While every practice has its own unique method of navigating and supporting patients through significant diagnoses, our mission as providers should be to support our patients, granting them the knowledge and autonomy to have as much control as possible. In the context of geographic atrophy (GA), that means supplying patients with the appropriate information and relevant supplementary data to make decisions about treatment.
My conversations about GA are tailored to every patient’s individual circumstance, and as such, this does take more time than with other retinal diseases. GA is a complex disease. However, providers should not feel overwhelmed by the extra chair time needed to properly educate patients about their options.
Easing Patients’ Minds
Patients often have many questions upon hearing about a diagnosis of age-related macular degeneration (AMD) or GA. We should be cognizant of the fact that a new diagnosis can be scary, and we should work to assuage those fears. For instance, I am often asked, “Will I go blind?” Thankfully, I can reassure patients that their peripheral vision will remain intact whereas they may lose central vision. Another common question I am asked is, “Are the injections working?” This involves a more complex answer. In patients with wet AMD, I can show evidence of the fluid reduction on OCT following treatment. To answer this question for patients with GA, however, I must rely on clinical trial data. The pivotal studies for the two available complement inhibitors involved thousands of patients followed over multiple years, and as practitioners, we trust the scientific data that these approved treatments have measurable, real benefits in reducing the growth of GA lesions over time.
Educating Patients
When educating about GA, I intentionally break up the discussion over a few visits. Not only are patients trying to comprehend the clinical information presented to them, but they are also emotionally processing a life-altering diagnosis. I provide patients with brochures for avacincaptad pegol intravitreal solution, (Izervay, Astellas) and/or pegcetacoplan, (Syfovre, Apellis), depending on which drug I would recommend to the patient. Furthermore, I rely on imaging to show patients their actual GA lesions. This makes their disease more real, especially in cases where patients are minimally symptomatic because their GA was detected early. It’s powerful when patients observe the imaging for themselves, and usually the picture says it all for them. Additionally, I aim to perform fundus autofluorescence imaging around every 6 months, so I can visually follow the patient’s disease progression.

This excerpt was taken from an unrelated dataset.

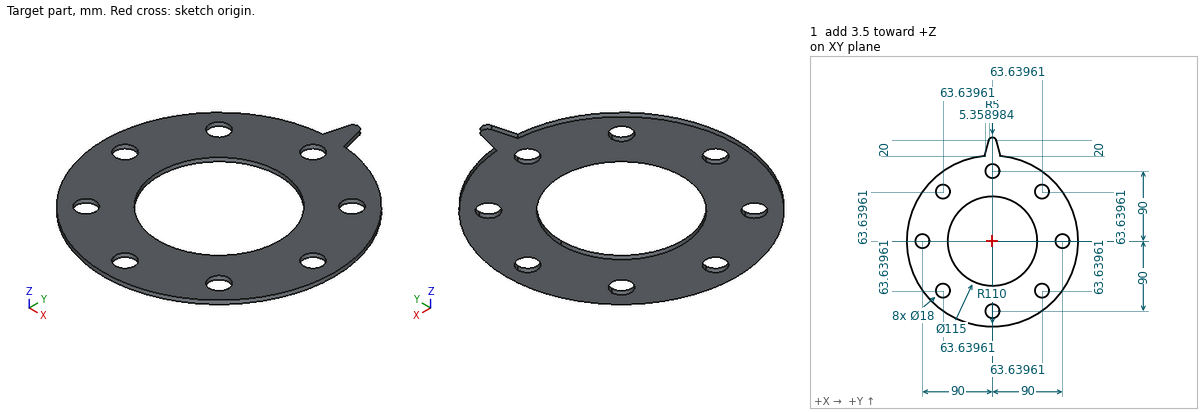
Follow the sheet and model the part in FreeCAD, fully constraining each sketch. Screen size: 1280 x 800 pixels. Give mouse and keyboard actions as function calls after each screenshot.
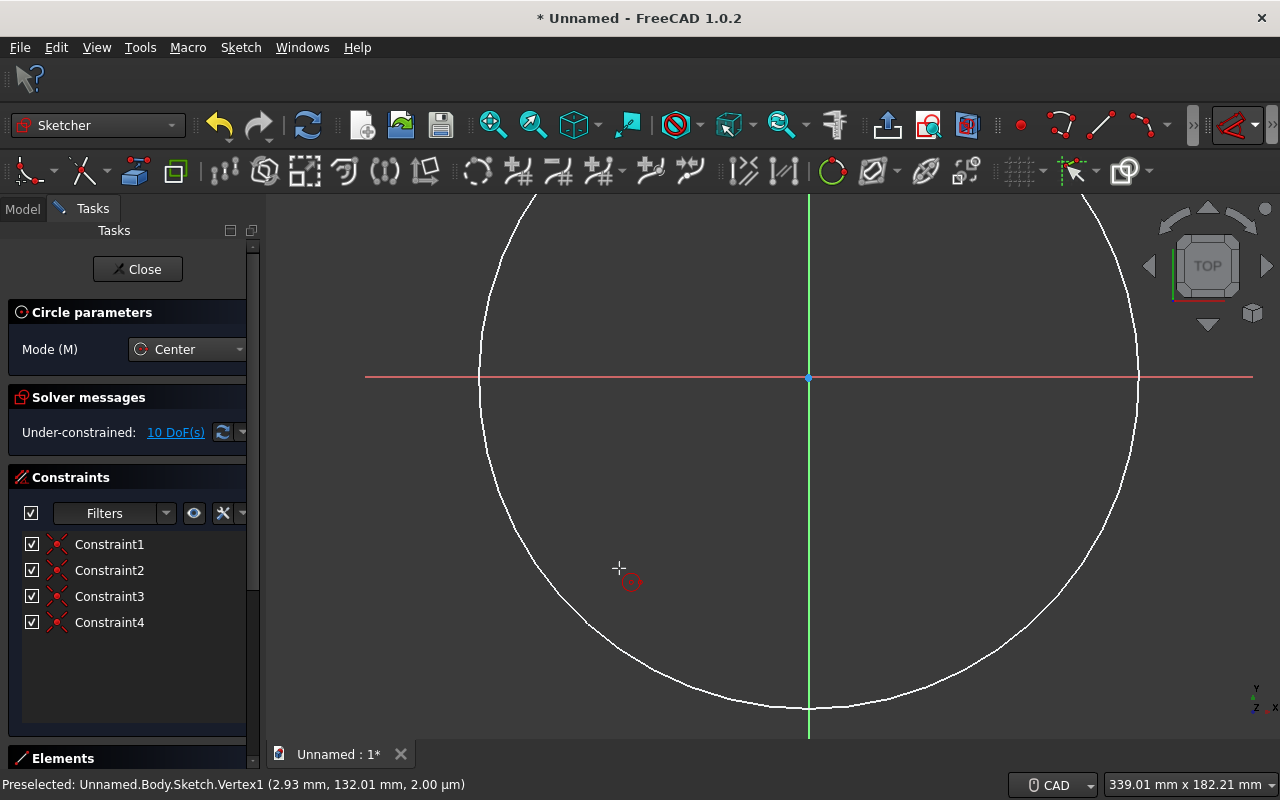
click(619, 567)
click(638, 548)
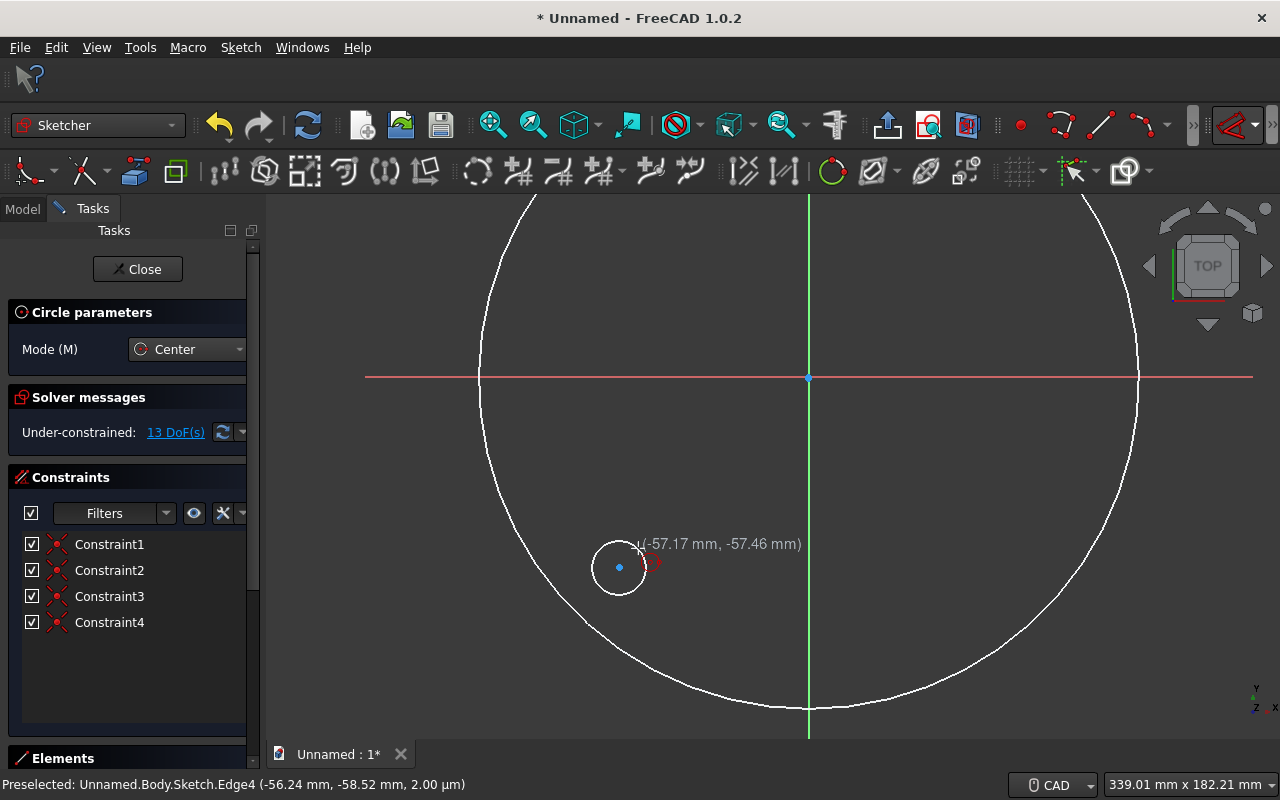
click(809, 646)
click(828, 627)

Navigating a Patient’s Journey Through Clinic
Initially, the logistics of scheduling GA patients in clinic were challenging as we were scheduling injections into an already busy clinic schedule or navigating the schedules of patients already coming in for their wet AMD injections. However, the process has become more streamlined, especially for existing patients receiving anti-VEGF treatment, as they are more familiar with injection protocols. One way we cut down on the treatment burden among patients being treated for both wet AMD and GA is to use newer generation anti-VEGF agents, such as Vabysmo (Faricimab, Genentech) or Eylea HD (aflibercept 8 mg, Regeneron), which offer extended treatment intervals.

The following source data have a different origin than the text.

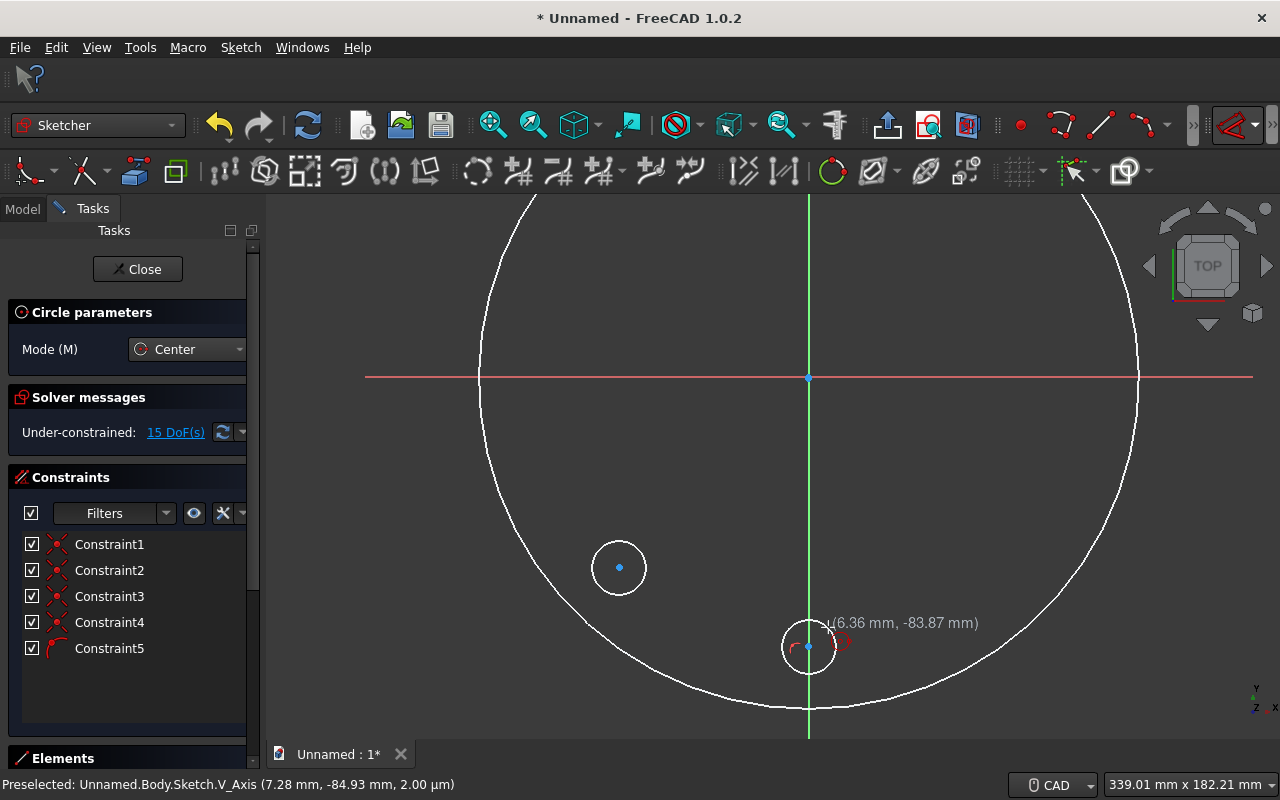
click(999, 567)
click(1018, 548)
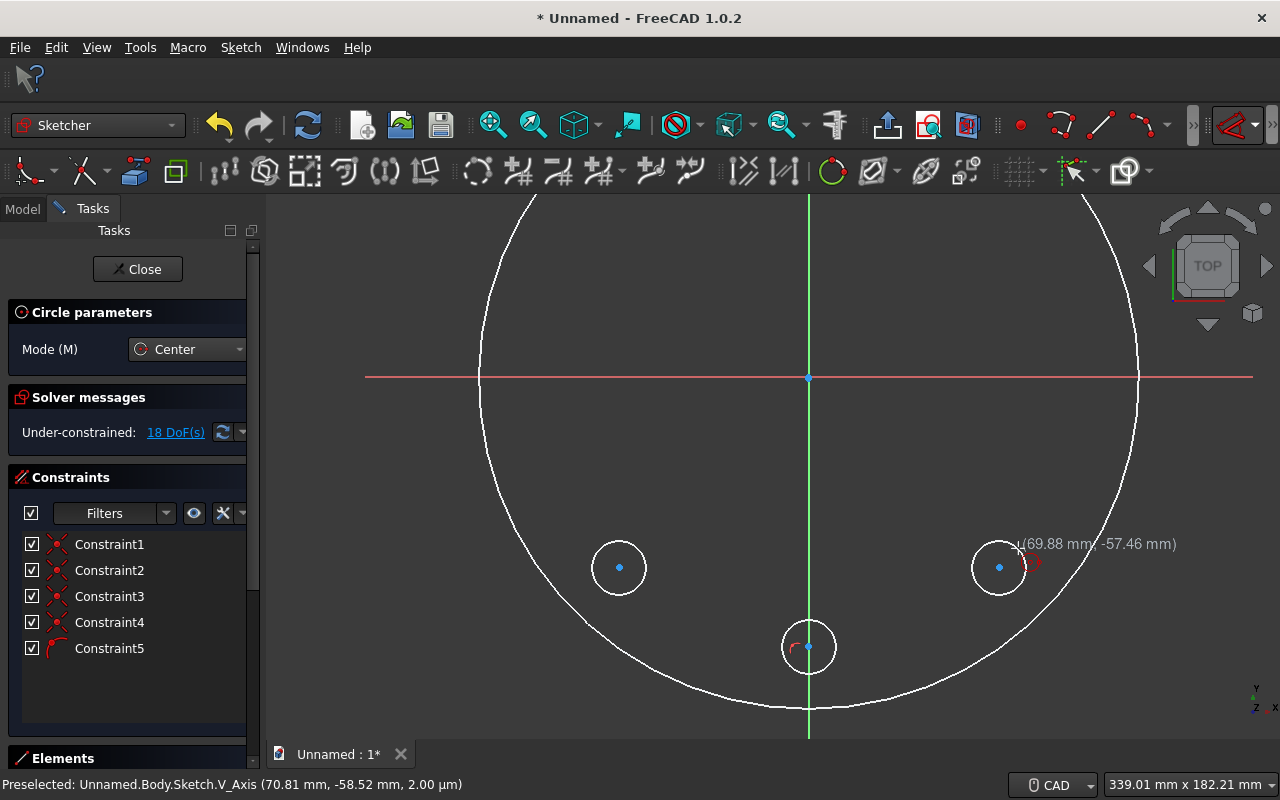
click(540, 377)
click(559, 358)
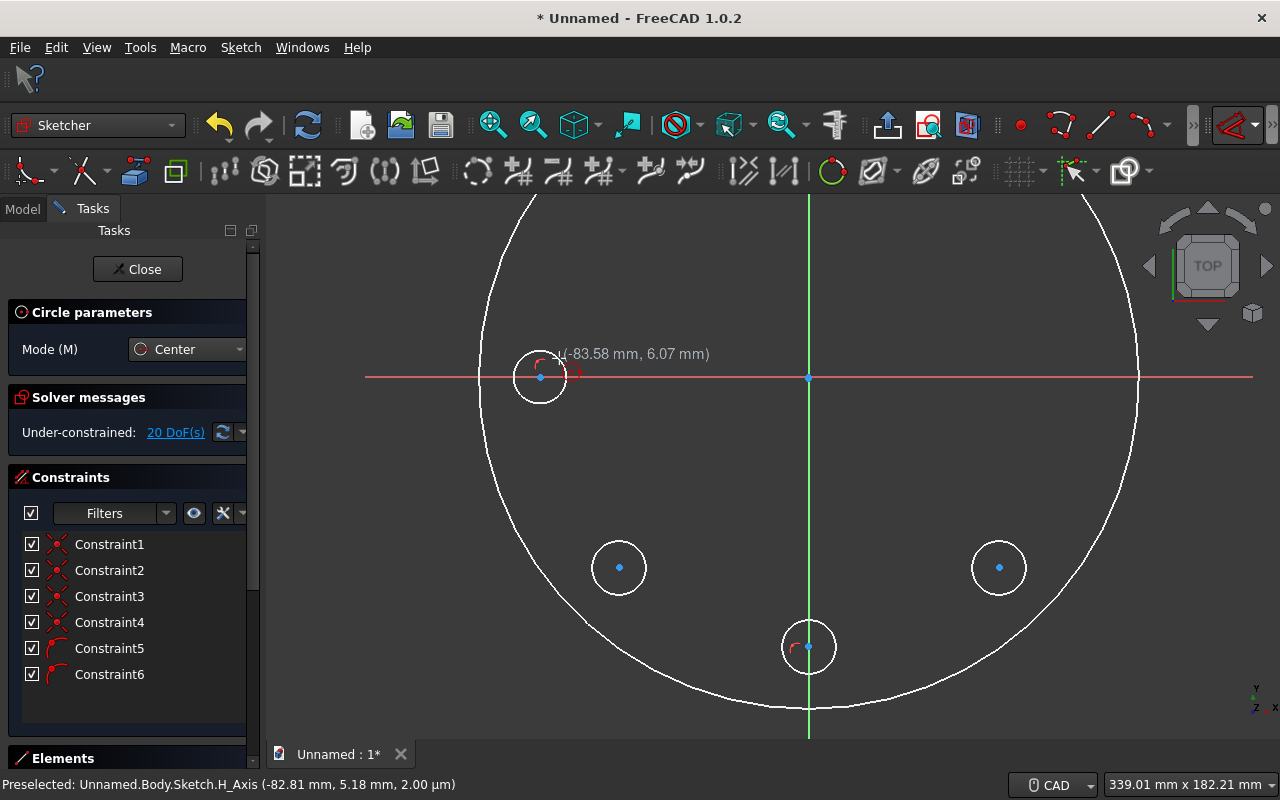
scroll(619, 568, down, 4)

Remaining Hopeful Yet Honest
It’s no secret that GA is a potentially blinding condition and is often a very discouraging diagnosis. As retina specialists, I believe we must reiterate to our patients that a diagnosis of GA is a balance of hope and honesty. The currently available drugs provide some amount of hope, which is by far the most important thing. I am grateful I can offer treatments to patients that have proven to be efficacious with a decent safety profile.
It is also important to remain honest with patients and relay that, despite treatments, their GA will progress. This approach allows patients to anticipate a potential loss of vision, while not providing them with false expectations about their disease progression.
Although the currently available therapies for GA are not curative, they may provide a few additional years of increased quality of life with manageable side effects. This means perhaps experiencing a few more years of driving or seeing loved ones faces. And, at the very least, starting patients on complement inhibitor therapy now may serve as a bridge to even better future treatments, as GA is a very active area of research in the retina space.